▶ **YOUR OBJECTIVE**:
Look through the data below and output, unchanged, every line from the one holding "Use CSV with" through the one holding "2D boxes: x1, y1, x2, y2 in pixels.", inclusive. Skip the pictures.
# # # # # # #
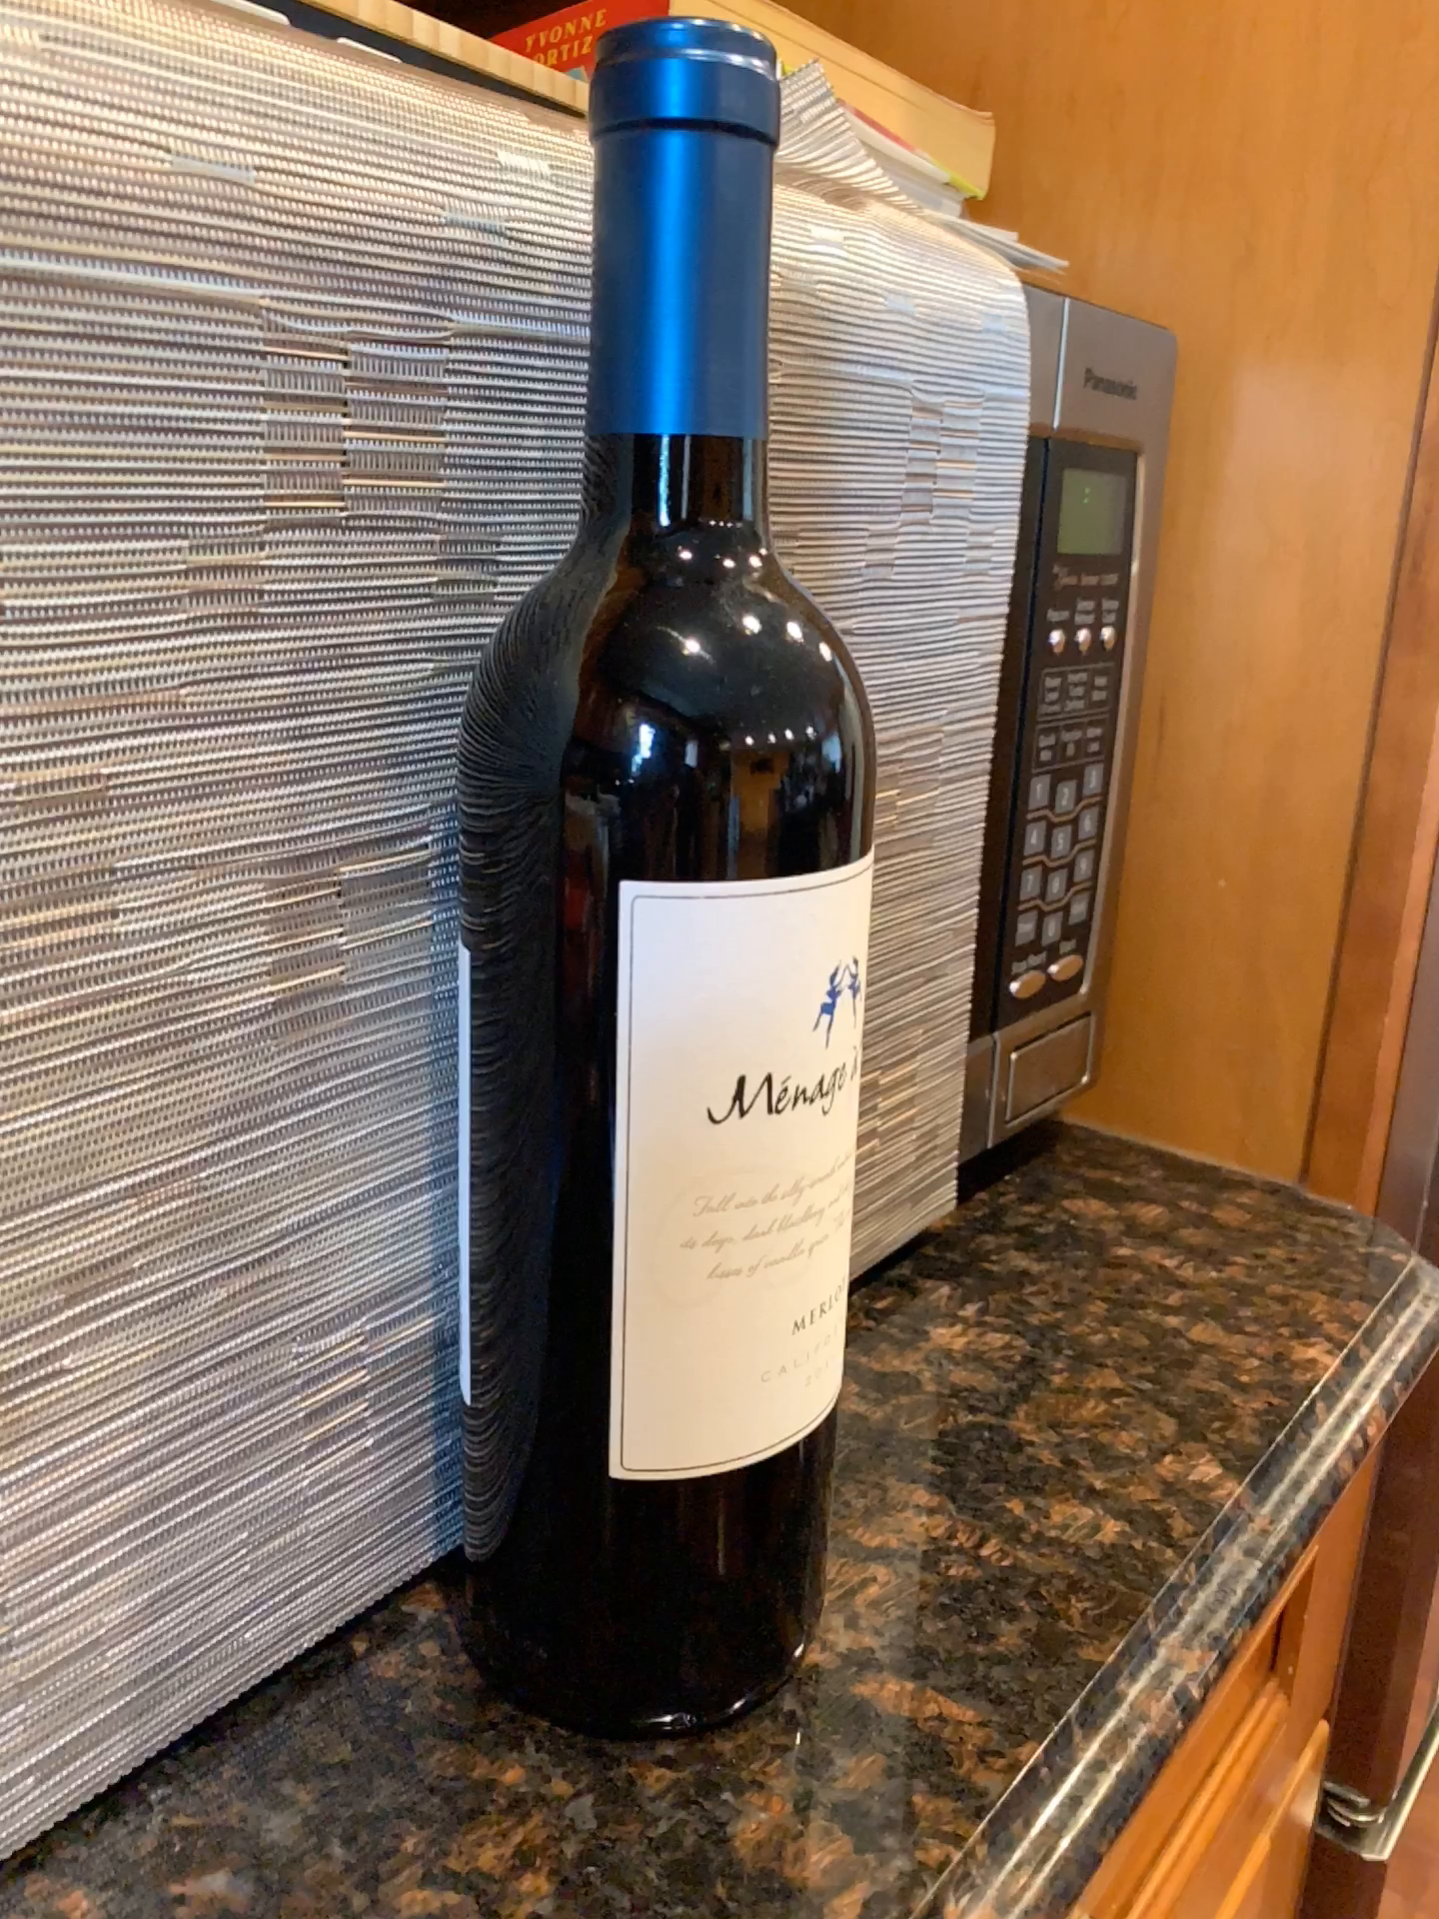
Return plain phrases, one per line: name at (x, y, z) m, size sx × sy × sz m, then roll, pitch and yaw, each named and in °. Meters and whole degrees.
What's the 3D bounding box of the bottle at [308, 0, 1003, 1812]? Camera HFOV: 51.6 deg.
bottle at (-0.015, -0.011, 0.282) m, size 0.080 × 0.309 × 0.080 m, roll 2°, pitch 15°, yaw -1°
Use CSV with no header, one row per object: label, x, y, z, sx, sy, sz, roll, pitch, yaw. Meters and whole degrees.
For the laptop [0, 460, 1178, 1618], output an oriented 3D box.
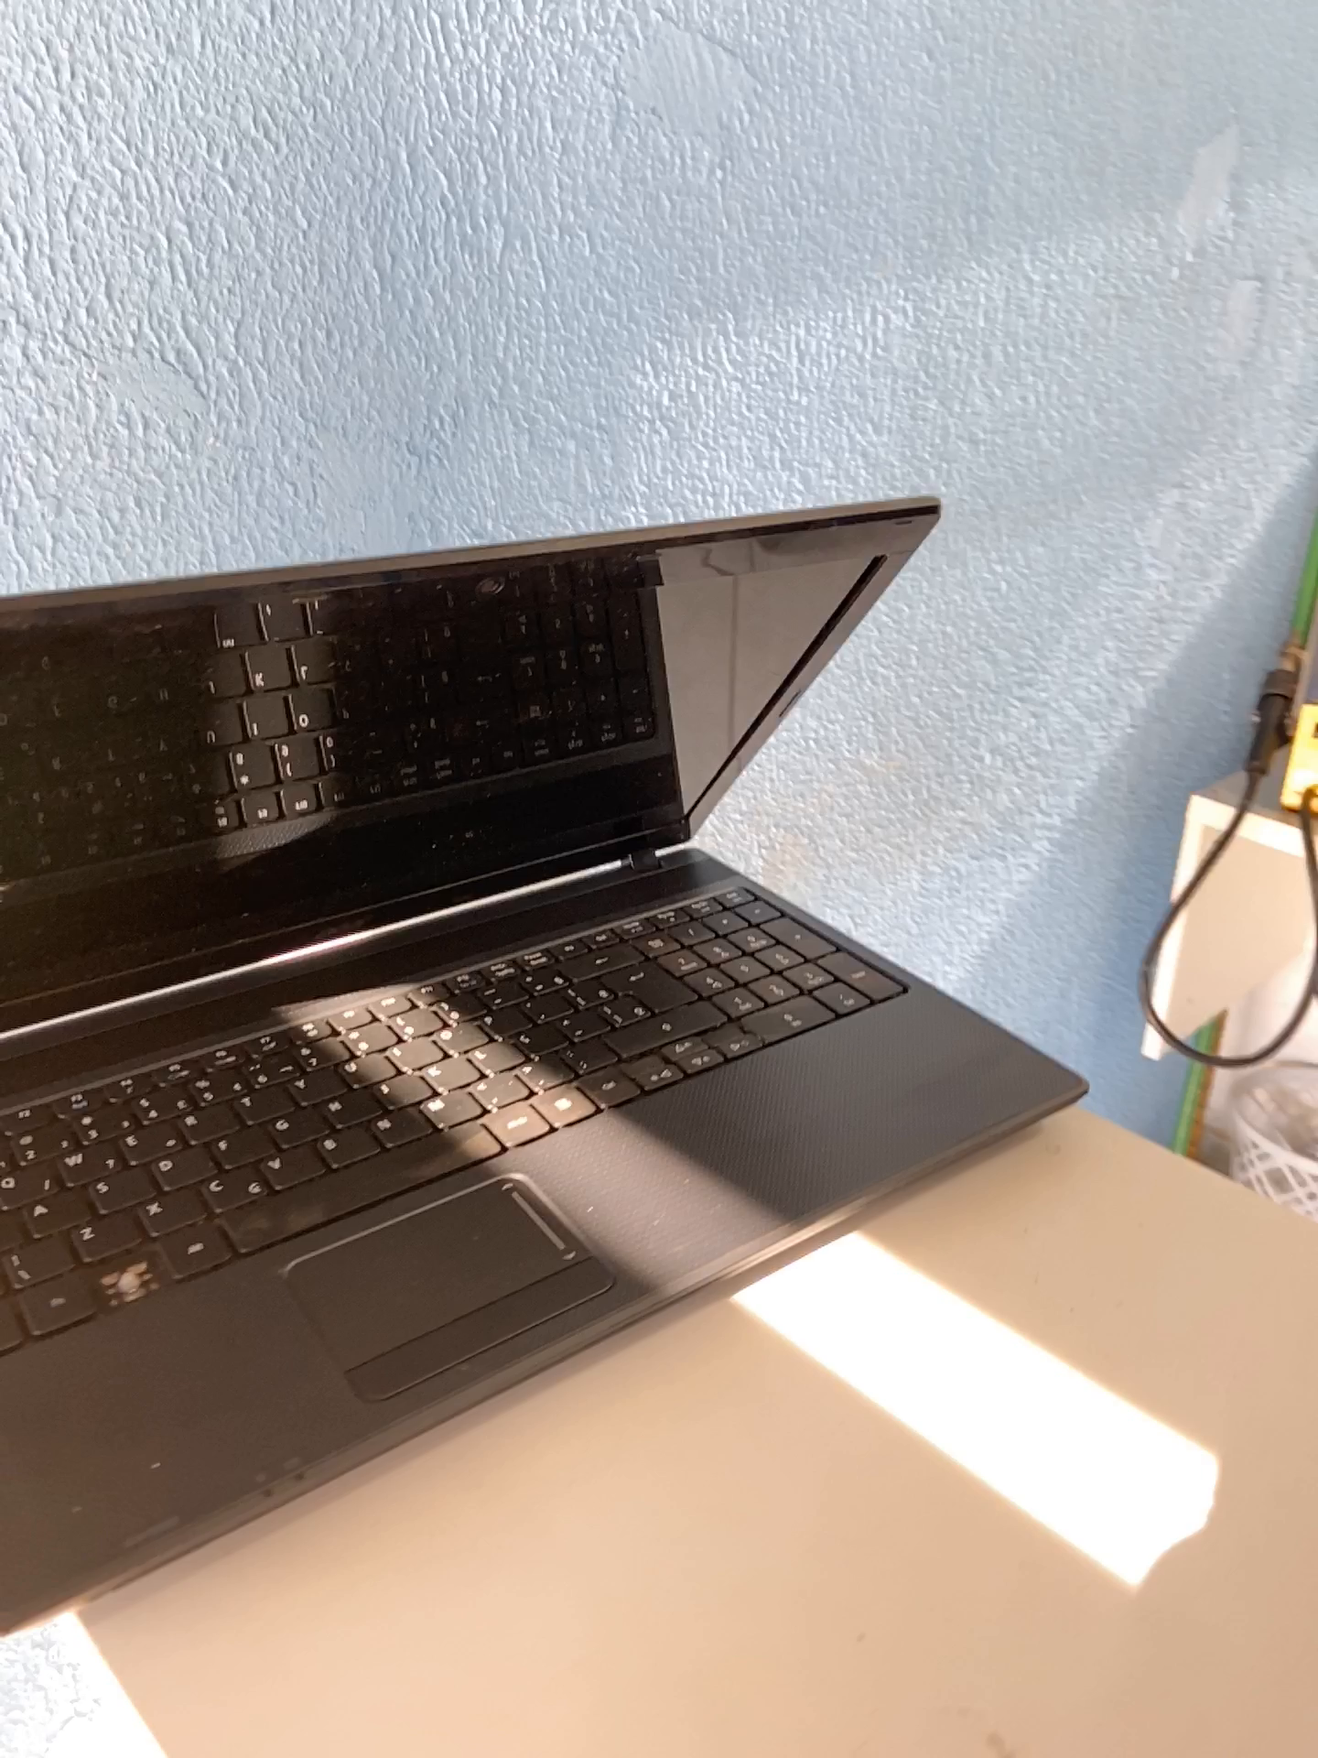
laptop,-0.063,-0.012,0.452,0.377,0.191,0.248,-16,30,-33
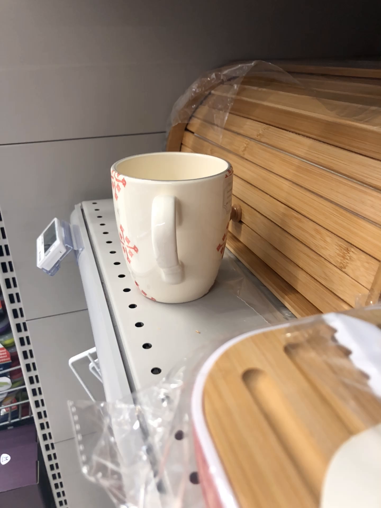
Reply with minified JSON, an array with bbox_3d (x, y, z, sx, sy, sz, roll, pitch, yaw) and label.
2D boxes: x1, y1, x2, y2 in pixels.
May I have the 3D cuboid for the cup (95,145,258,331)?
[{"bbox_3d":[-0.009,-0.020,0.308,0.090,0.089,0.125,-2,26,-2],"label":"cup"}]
# # # # # # #
▶ **WRITTEN RESPONSE**:
Use CSV with no header, one row per object: label, x, y, z, sx, sy, sz, roll, pitch, yaw. Meters and whole degrees.
For the laptop [0, 460, 1178, 1618], output an oriented 3D box.
laptop,-0.063,-0.012,0.452,0.377,0.191,0.248,-16,30,-33
Reply with minified JSON, an array with bbox_3d (x, y, z, sx, sy, sz, roll, pitch, yaw) and label.
2D boxes: x1, y1, x2, y2 in pixels.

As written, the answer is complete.